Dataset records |
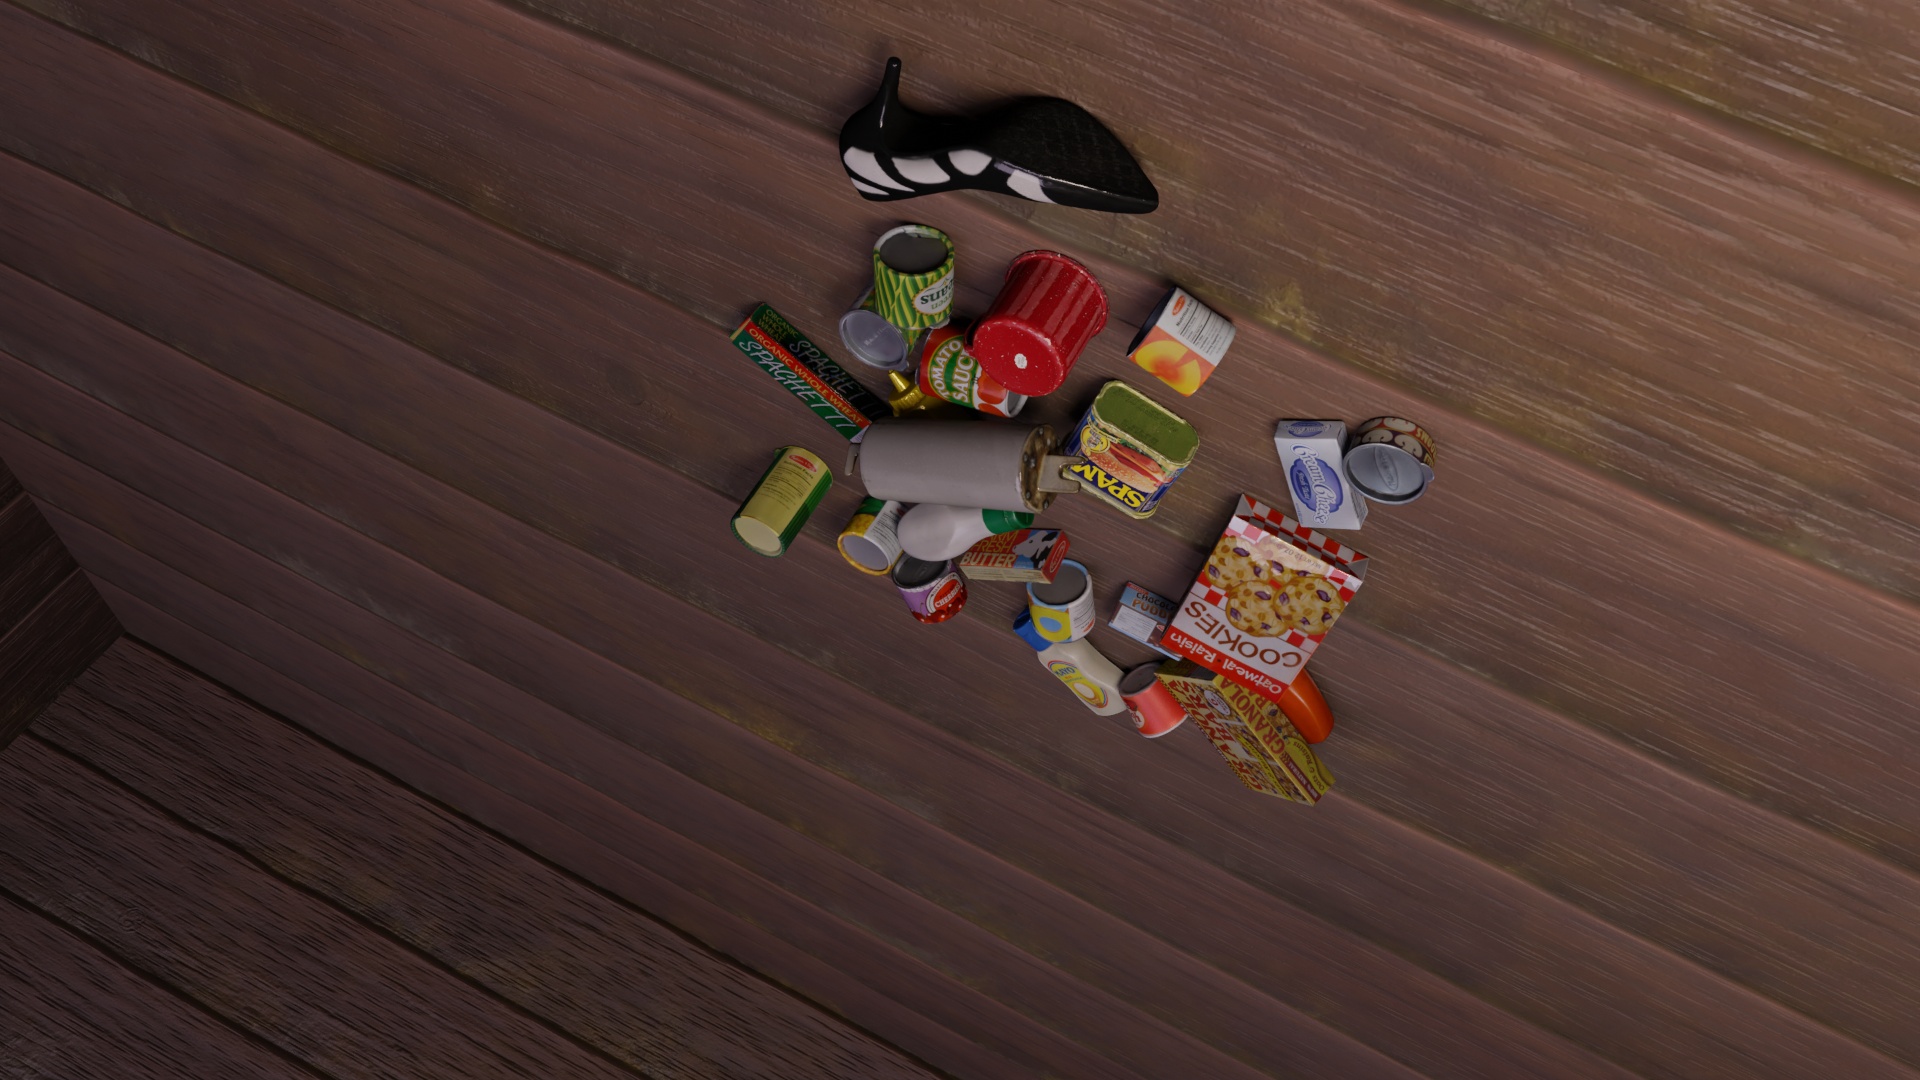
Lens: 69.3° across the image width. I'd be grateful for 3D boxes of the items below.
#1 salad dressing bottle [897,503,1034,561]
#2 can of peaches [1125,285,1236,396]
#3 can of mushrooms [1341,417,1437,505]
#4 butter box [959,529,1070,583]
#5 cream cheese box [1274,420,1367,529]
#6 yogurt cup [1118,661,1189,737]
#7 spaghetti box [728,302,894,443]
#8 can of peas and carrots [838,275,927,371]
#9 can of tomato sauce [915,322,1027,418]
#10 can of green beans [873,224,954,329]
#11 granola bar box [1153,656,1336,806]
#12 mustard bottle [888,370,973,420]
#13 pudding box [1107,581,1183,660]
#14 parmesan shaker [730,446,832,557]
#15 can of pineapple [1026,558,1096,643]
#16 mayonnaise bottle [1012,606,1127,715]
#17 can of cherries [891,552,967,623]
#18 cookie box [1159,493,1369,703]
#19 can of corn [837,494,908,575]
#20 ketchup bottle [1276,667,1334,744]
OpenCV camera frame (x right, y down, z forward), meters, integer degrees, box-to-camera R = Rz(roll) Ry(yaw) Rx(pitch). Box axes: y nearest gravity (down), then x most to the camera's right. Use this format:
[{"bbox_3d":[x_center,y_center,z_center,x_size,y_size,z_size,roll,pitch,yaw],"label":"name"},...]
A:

WORK TO COMPLETE | Copy every line above exactly, leaving no picture in the copy.

ANSWER |
Lens: 69.3° across the image width. I'd be grateful for 3D boxes of the items below.
#1 salad dressing bottle [897,503,1034,561]
#2 can of peaches [1125,285,1236,396]
#3 can of mushrooms [1341,417,1437,505]
#4 butter box [959,529,1070,583]
#5 cream cheese box [1274,420,1367,529]
#6 yogurt cup [1118,661,1189,737]
#7 spaghetti box [728,302,894,443]
#8 can of peas and carrots [838,275,927,371]
#9 can of tomato sauce [915,322,1027,418]
#10 can of green beans [873,224,954,329]
#11 granola bar box [1153,656,1336,806]
#12 mustard bottle [888,370,973,420]
#13 pudding box [1107,581,1183,660]
#14 parmesan shaker [730,446,832,557]
#15 can of pineapple [1026,558,1096,643]
#16 mayonnaise bottle [1012,606,1127,715]
#17 can of cherries [891,552,967,623]
#18 cookie box [1159,493,1369,703]
#19 can of corn [837,494,908,575]
#20 ketchup bottle [1276,667,1334,744]
OpenCV camera frame (x right, y down, z forward), meters, integer degrees, box-to-camera R = Rz(roll) Ry(yaw) Rx(pitch). Box axes: y nearest gravity (down), then x most to the camera's right. Use this format:
[{"bbox_3d":[x_center,y_center,z_center,x_size,y_size,z_size,roll,pitch,yaw],"label":"name"},...]
A:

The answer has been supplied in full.